# My firt Fur con experience (Furlandia 2016)



## DumbDeerGurl (May 30, 2016)

I just recently attended my first furry convention this year, in the land of Portland. I have so say, it was one of the greatest experiences of my life. This was the first con that made me feel generally welcome. Everyone was so nice, and there were so many fun things to do. It changed my perspective on things.  It also made we want to make my own costume for next year.

Here is a link to a small video I made, just some photos and a couple iphone videos mashed together.


----------



## Simo (Jun 1, 2016)

Didn't go---I'm on the other coast, here in Maryland, but I had a very similar experience when I went to my first con, two years back. Left me all optimistic, and also, wanting to make a fur-suit as well.  That's been on the back burner, but hopefully soon.

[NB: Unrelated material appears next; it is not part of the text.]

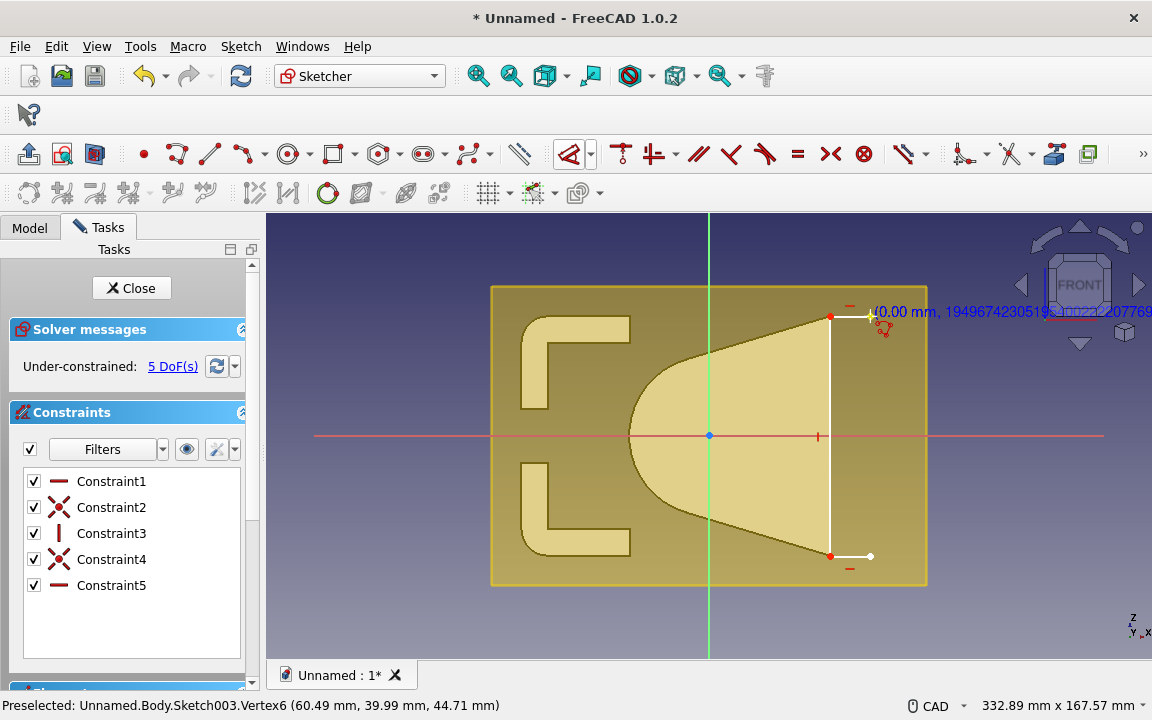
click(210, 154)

Glad you had a good time, and found it vivifying.


----------



## Zenoth (Jul 24, 2016)

Man I just found out about Furlandia which is silly cause it's only 20 min from me >.<  I will be making every effort to go next year. I have the volunteer sheet filled out, but's it's been a while sense I've done something like that so not gonna lie, a bit nervous.


----------



## Zenoth (Jul 24, 2016)

I assume you are a local. As someone who has been to Furlandia once already, would you recommend getting a hotel room there, or to just bring a designated driver ?  The Con center is literally 20 min give or take with traffic commute for me so I'm up in the air on getting a room and finding a dog sitter for the weekend (for my actual dog not me lol)


----------



## DumbDeerGurl (Jul 24, 2016)

yeah I'm local somewhat, and if its 20 min away, i wouldn't book a room.  Besides we are expecting almost twice the attendance of this year for next year


----------



## Zenoth (Jul 24, 2016)

Thanks for the input. I'll save the room for people that need them and either find a designated driver, or bus it ^^


----------



## Zenoth (Jul 26, 2016)

Is it time yet lol www.timeanddate.com: Countdown to May 27, 2017 in Culpeper


----------